• _HOW TO COMPLETE THIS TASK_: From the line containing "const shared_ptr<const Context<BASIS, RESULT>" to the line containing "this.clear = false;" in the entries below, reproduce every line exactly, ends included. Nothing else belongs in the copy, and no pictures.

• _DATA FOR THIS TASK_:
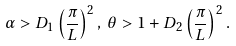Convert formula to latex. <formula><loc_0><loc_0><loc_500><loc_500>\alpha > D _ { 1 } \left ( \frac { \pi } { L } \right ) ^ { 2 } , \, \theta > 1 + D _ { 2 } \left ( \frac { \pi } { L } \right ) ^ { 2 } .</formula> 
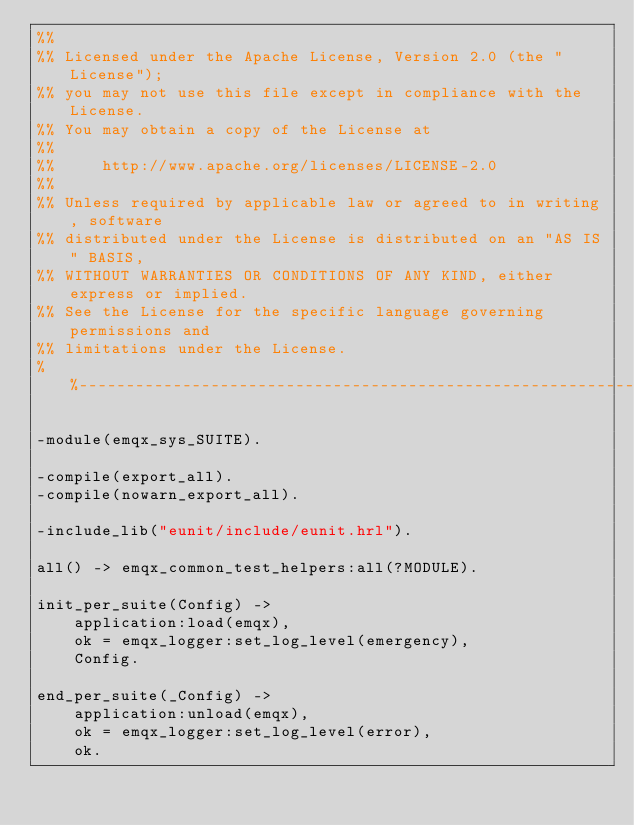<code> <loc_0><loc_0><loc_500><loc_500><_Erlang_>%%
%% Licensed under the Apache License, Version 2.0 (the "License");
%% you may not use this file except in compliance with the License.
%% You may obtain a copy of the License at
%%
%%     http://www.apache.org/licenses/LICENSE-2.0
%%
%% Unless required by applicable law or agreed to in writing, software
%% distributed under the License is distributed on an "AS IS" BASIS,
%% WITHOUT WARRANTIES OR CONDITIONS OF ANY KIND, either express or implied.
%% See the License for the specific language governing permissions and
%% limitations under the License.
%%--------------------------------------------------------------------

-module(emqx_sys_SUITE).

-compile(export_all).
-compile(nowarn_export_all).

-include_lib("eunit/include/eunit.hrl").

all() -> emqx_common_test_helpers:all(?MODULE).

init_per_suite(Config) ->
    application:load(emqx),
    ok = emqx_logger:set_log_level(emergency),
    Config.

end_per_suite(_Config) ->
    application:unload(emqx),
    ok = emqx_logger:set_log_level(error),
    ok.
</code> 
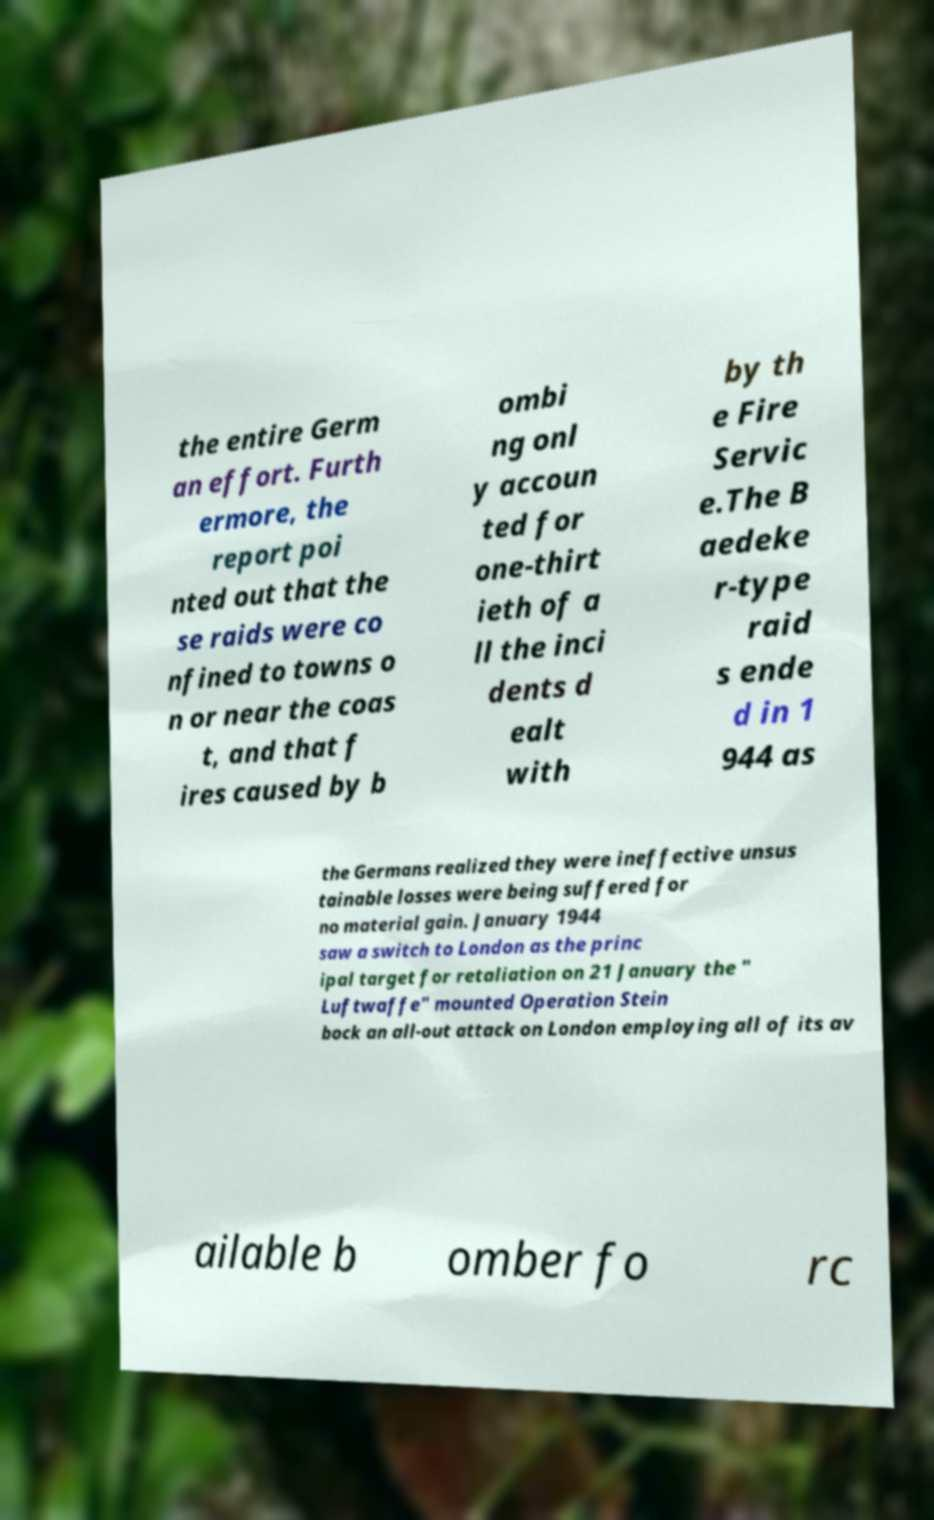I need the written content from this picture converted into text. Can you do that? the entire Germ an effort. Furth ermore, the report poi nted out that the se raids were co nfined to towns o n or near the coas t, and that f ires caused by b ombi ng onl y accoun ted for one-thirt ieth of a ll the inci dents d ealt with by th e Fire Servic e.The B aedeke r-type raid s ende d in 1 944 as the Germans realized they were ineffective unsus tainable losses were being suffered for no material gain. January 1944 saw a switch to London as the princ ipal target for retaliation on 21 January the " Luftwaffe" mounted Operation Stein bock an all-out attack on London employing all of its av ailable b omber fo rc 
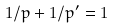<formula> <loc_0><loc_0><loc_500><loc_500>1 / p + 1 / p ^ { \prime } = 1</formula> 
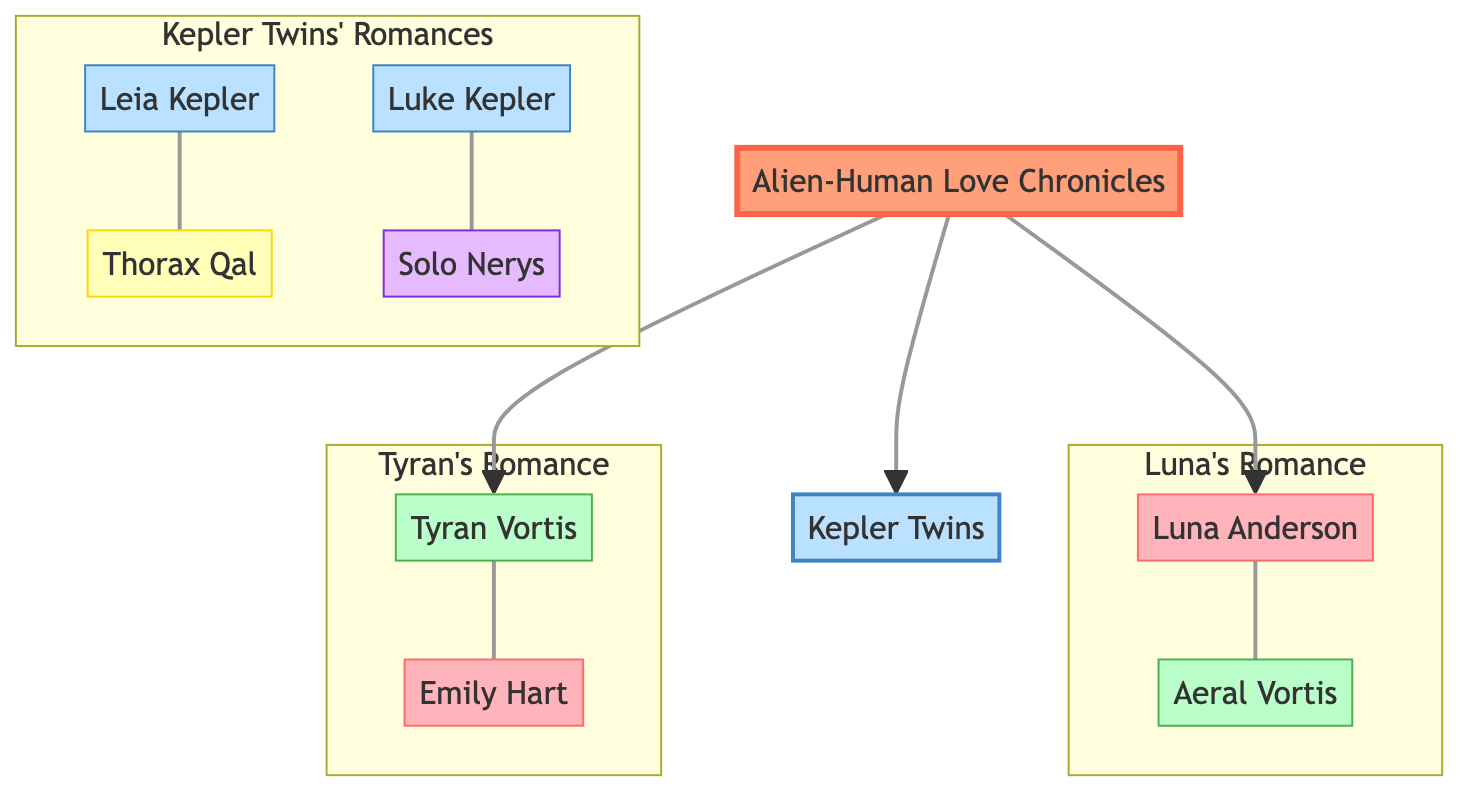What is the name of the founder of the family tree? The root node of the diagram identifies the founder as "Alien-Human Love Chronicles."
Answer: Alien-Human Love Chronicles How many children does the founder have? Counting the nodes directly under the root node (the founder), there are three children: Luna Anderson, Tyran Vortis, and Kepler Twins.
Answer: 3 Who is Luna Anderson's partner? The "key_romance" details under Luna Anderson indicate that her partner is Aeral Vortis.
Answer: Aeral Vortis What species is Tyran Vortis? The details under Tyran Vortis specify his species as "Zetarian."
Answer: Zetarian What traditions are associated with Leia Kepler's romance? Examining the details provided for Leia Kepler's partner indicates that the traditions include "Star-Gazing Fests" and "Heartlight Ceremonies."
Answer: Star-Gazing Fests, Heartlight Ceremonies Who has a hybrid species in this family tree? Looking at the details of the children, both the Kepler Twins (Leia and Luke) are designated as having a hybrid species.
Answer: Kepler Twins Which node represents the Earth cultural influence? Reviewing all nodes, Luna Anderson and Emily Hart are associated with the cultural influence of Earth.
Answer: Luna Anderson, Emily Hart What relationship does Thorax Qal have with Leia Kepler? Analyzing the diagram, Thorax Qal is identified as the partner of Leia Kepler, which denotes a romantic relationship.
Answer: Partner How many key romances are represented in the Kepler Twins section? The Kepler Twins section includes details for two key romances, one for Leia and one for Luke.
Answer: 2 This family tree includes which key alien cultures? Reviewing the details of the relationships, the tree includes influences from Antarean, Zetarian, and Teralian cultures.
Answer: Antarean, Zetarian, Teralian 
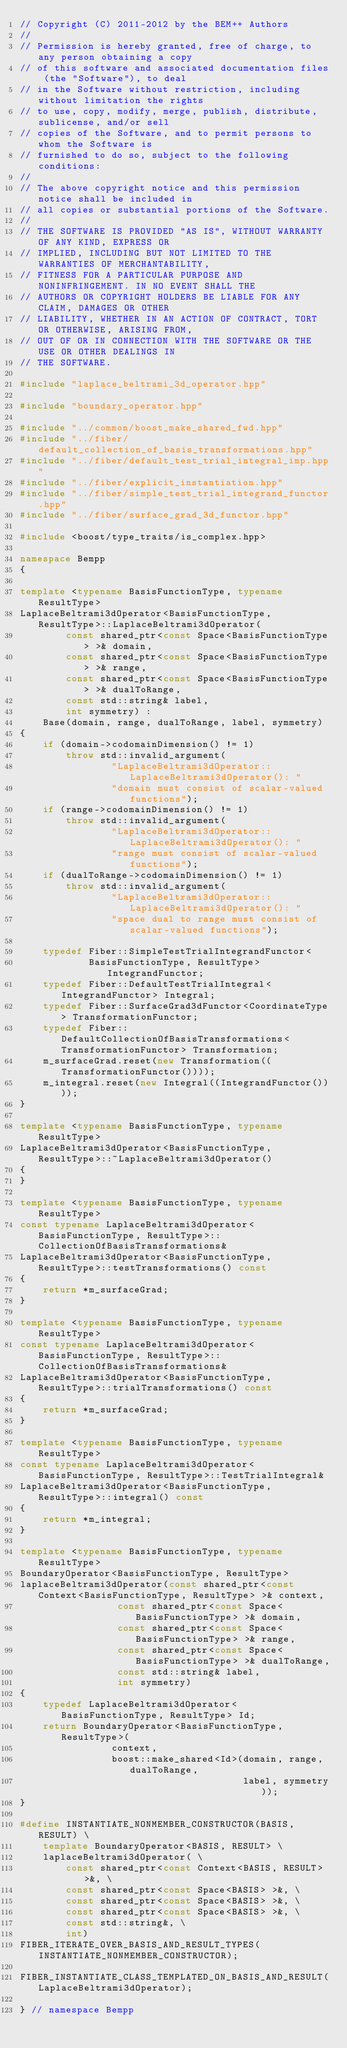<code> <loc_0><loc_0><loc_500><loc_500><_C++_>// Copyright (C) 2011-2012 by the BEM++ Authors
//
// Permission is hereby granted, free of charge, to any person obtaining a copy
// of this software and associated documentation files (the "Software"), to deal
// in the Software without restriction, including without limitation the rights
// to use, copy, modify, merge, publish, distribute, sublicense, and/or sell
// copies of the Software, and to permit persons to whom the Software is
// furnished to do so, subject to the following conditions:
//
// The above copyright notice and this permission notice shall be included in
// all copies or substantial portions of the Software.
//
// THE SOFTWARE IS PROVIDED "AS IS", WITHOUT WARRANTY OF ANY KIND, EXPRESS OR
// IMPLIED, INCLUDING BUT NOT LIMITED TO THE WARRANTIES OF MERCHANTABILITY,
// FITNESS FOR A PARTICULAR PURPOSE AND NONINFRINGEMENT. IN NO EVENT SHALL THE
// AUTHORS OR COPYRIGHT HOLDERS BE LIABLE FOR ANY CLAIM, DAMAGES OR OTHER
// LIABILITY, WHETHER IN AN ACTION OF CONTRACT, TORT OR OTHERWISE, ARISING FROM,
// OUT OF OR IN CONNECTION WITH THE SOFTWARE OR THE USE OR OTHER DEALINGS IN
// THE SOFTWARE.

#include "laplace_beltrami_3d_operator.hpp"

#include "boundary_operator.hpp"

#include "../common/boost_make_shared_fwd.hpp"
#include "../fiber/default_collection_of_basis_transformations.hpp"
#include "../fiber/default_test_trial_integral_imp.hpp"
#include "../fiber/explicit_instantiation.hpp"
#include "../fiber/simple_test_trial_integrand_functor.hpp"
#include "../fiber/surface_grad_3d_functor.hpp"

#include <boost/type_traits/is_complex.hpp>

namespace Bempp
{

template <typename BasisFunctionType, typename ResultType>
LaplaceBeltrami3dOperator<BasisFunctionType, ResultType>::LaplaceBeltrami3dOperator(
        const shared_ptr<const Space<BasisFunctionType> >& domain,
        const shared_ptr<const Space<BasisFunctionType> >& range,
        const shared_ptr<const Space<BasisFunctionType> >& dualToRange,
        const std::string& label,
        int symmetry) :
    Base(domain, range, dualToRange, label, symmetry)
{
    if (domain->codomainDimension() != 1)
        throw std::invalid_argument(
                "LaplaceBeltrami3dOperator::LaplaceBeltrami3dOperator(): "
                "domain must consist of scalar-valued functions");
    if (range->codomainDimension() != 1)
        throw std::invalid_argument(
                "LaplaceBeltrami3dOperator::LaplaceBeltrami3dOperator(): "
                "range must consist of scalar-valued functions");
    if (dualToRange->codomainDimension() != 1)
        throw std::invalid_argument(
                "LaplaceBeltrami3dOperator::LaplaceBeltrami3dOperator(): "
                "space dual to range must consist of scalar-valued functions");

    typedef Fiber::SimpleTestTrialIntegrandFunctor<
            BasisFunctionType, ResultType> IntegrandFunctor;
    typedef Fiber::DefaultTestTrialIntegral<IntegrandFunctor> Integral;
    typedef Fiber::SurfaceGrad3dFunctor<CoordinateType> TransformationFunctor;
    typedef Fiber::DefaultCollectionOfBasisTransformations<TransformationFunctor> Transformation;
    m_surfaceGrad.reset(new Transformation((TransformationFunctor())));
    m_integral.reset(new Integral((IntegrandFunctor())));
}

template <typename BasisFunctionType, typename ResultType>
LaplaceBeltrami3dOperator<BasisFunctionType, ResultType>::~LaplaceBeltrami3dOperator()
{
}

template <typename BasisFunctionType, typename ResultType>
const typename LaplaceBeltrami3dOperator<BasisFunctionType, ResultType>::CollectionOfBasisTransformations&
LaplaceBeltrami3dOperator<BasisFunctionType, ResultType>::testTransformations() const
{
    return *m_surfaceGrad;
}

template <typename BasisFunctionType, typename ResultType>
const typename LaplaceBeltrami3dOperator<BasisFunctionType, ResultType>::CollectionOfBasisTransformations&
LaplaceBeltrami3dOperator<BasisFunctionType, ResultType>::trialTransformations() const
{
    return *m_surfaceGrad;
}

template <typename BasisFunctionType, typename ResultType>
const typename LaplaceBeltrami3dOperator<BasisFunctionType, ResultType>::TestTrialIntegral&
LaplaceBeltrami3dOperator<BasisFunctionType, ResultType>::integral() const
{
    return *m_integral;
}

template <typename BasisFunctionType, typename ResultType>
BoundaryOperator<BasisFunctionType, ResultType>
laplaceBeltrami3dOperator(const shared_ptr<const Context<BasisFunctionType, ResultType> >& context,
                 const shared_ptr<const Space<BasisFunctionType> >& domain,
                 const shared_ptr<const Space<BasisFunctionType> >& range,
                 const shared_ptr<const Space<BasisFunctionType> >& dualToRange,
                 const std::string& label,
                 int symmetry)
{
    typedef LaplaceBeltrami3dOperator<BasisFunctionType, ResultType> Id;
    return BoundaryOperator<BasisFunctionType, ResultType>(
                context,
                boost::make_shared<Id>(domain, range, dualToRange,
                                       label, symmetry));
}

#define INSTANTIATE_NONMEMBER_CONSTRUCTOR(BASIS, RESULT) \
    template BoundaryOperator<BASIS, RESULT> \
    laplaceBeltrami3dOperator( \
        const shared_ptr<const Context<BASIS, RESULT> >&, \
        const shared_ptr<const Space<BASIS> >&, \
        const shared_ptr<const Space<BASIS> >&, \
        const shared_ptr<const Space<BASIS> >&, \
        const std::string&, \
        int)
FIBER_ITERATE_OVER_BASIS_AND_RESULT_TYPES(INSTANTIATE_NONMEMBER_CONSTRUCTOR);

FIBER_INSTANTIATE_CLASS_TEMPLATED_ON_BASIS_AND_RESULT(LaplaceBeltrami3dOperator);

} // namespace Bempp
</code> 
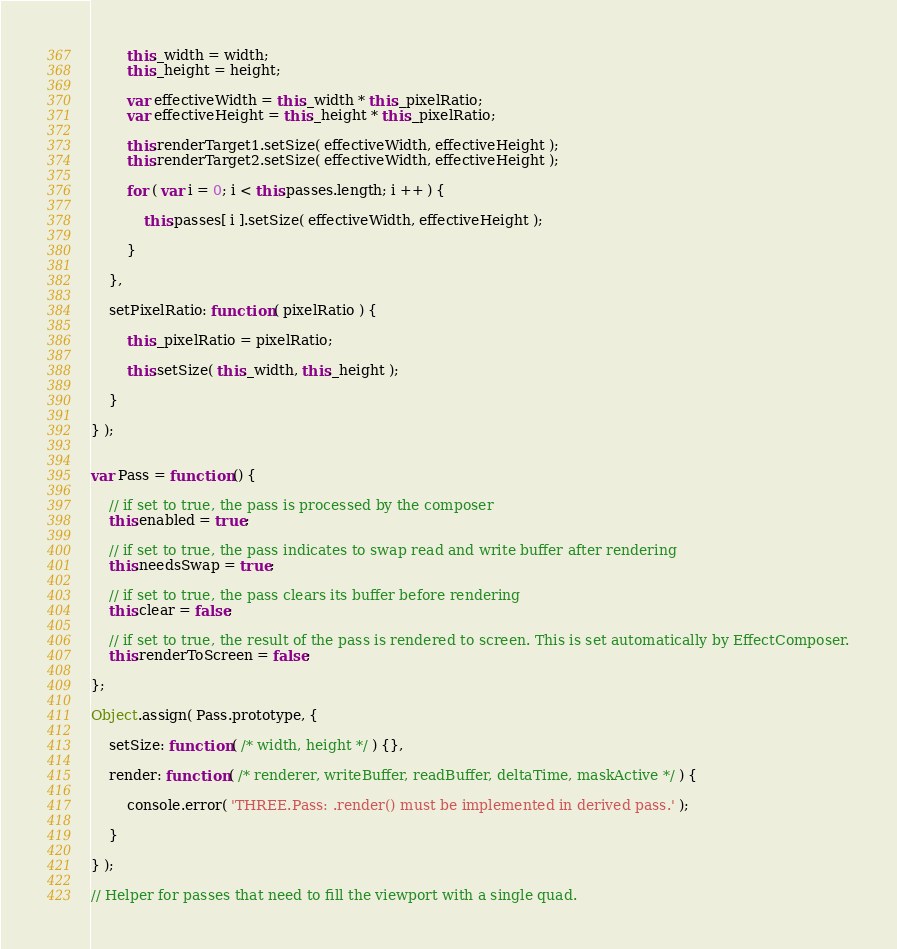Convert code to text. <code><loc_0><loc_0><loc_500><loc_500><_JavaScript_>		this._width = width;
		this._height = height;

		var effectiveWidth = this._width * this._pixelRatio;
		var effectiveHeight = this._height * this._pixelRatio;

		this.renderTarget1.setSize( effectiveWidth, effectiveHeight );
		this.renderTarget2.setSize( effectiveWidth, effectiveHeight );

		for ( var i = 0; i < this.passes.length; i ++ ) {

			this.passes[ i ].setSize( effectiveWidth, effectiveHeight );

		}

	},

	setPixelRatio: function ( pixelRatio ) {

		this._pixelRatio = pixelRatio;

		this.setSize( this._width, this._height );

	}

} );


var Pass = function () {

	// if set to true, the pass is processed by the composer
	this.enabled = true;

	// if set to true, the pass indicates to swap read and write buffer after rendering
	this.needsSwap = true;

	// if set to true, the pass clears its buffer before rendering
	this.clear = false;

	// if set to true, the result of the pass is rendered to screen. This is set automatically by EffectComposer.
	this.renderToScreen = false;

};

Object.assign( Pass.prototype, {

	setSize: function ( /* width, height */ ) {},

	render: function ( /* renderer, writeBuffer, readBuffer, deltaTime, maskActive */ ) {

		console.error( 'THREE.Pass: .render() must be implemented in derived pass.' );

	}

} );

// Helper for passes that need to fill the viewport with a single quad.</code> 
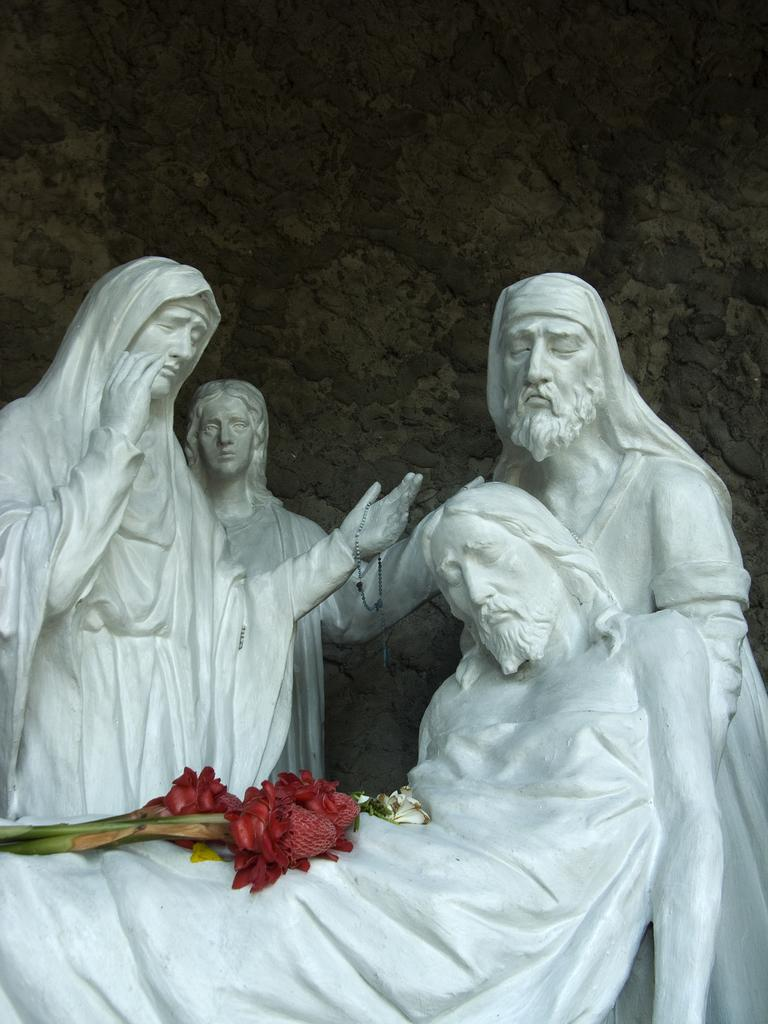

• _THE ANSWER_:
        const shared_ptr<const Context<BASIS, RESULT> >&, \
        const shared_ptr<const Space<BASIS> >&, \
        const shared_ptr<const Space<BASIS> >&, \
        const shared_ptr<const Space<BASIS> >&, \
        const std::string&, \
        int)
FIBER_ITERATE_OVER_BASIS_AND_RESULT_TYPES(INSTANTIATE_NONMEMBER_CONSTRUCTOR);

FIBER_INSTANTIATE_CLASS_TEMPLATED_ON_BASIS_AND_RESULT(LaplaceBeltrami3dOperator);

} // namespace Bempp
</code> 
Convert code to text. <code><loc_0><loc_0><loc_500><loc_500><_JavaScript_>		this._width = width;
		this._height = height;

		var effectiveWidth = this._width * this._pixelRatio;
		var effectiveHeight = this._height * this._pixelRatio;

		this.renderTarget1.setSize( effectiveWidth, effectiveHeight );
		this.renderTarget2.setSize( effectiveWidth, effectiveHeight );

		for ( var i = 0; i < this.passes.length; i ++ ) {

			this.passes[ i ].setSize( effectiveWidth, effectiveHeight );

		}

	},

	setPixelRatio: function ( pixelRatio ) {

		this._pixelRatio = pixelRatio;

		this.setSize( this._width, this._height );

	}

} );


var Pass = function () {

	// if set to true, the pass is processed by the composer
	this.enabled = true;

	// if set to true, the pass indicates to swap read and write buffer after rendering
	this.needsSwap = true;

	// if set to true, the pass clears its buffer before rendering
	this.clear = false;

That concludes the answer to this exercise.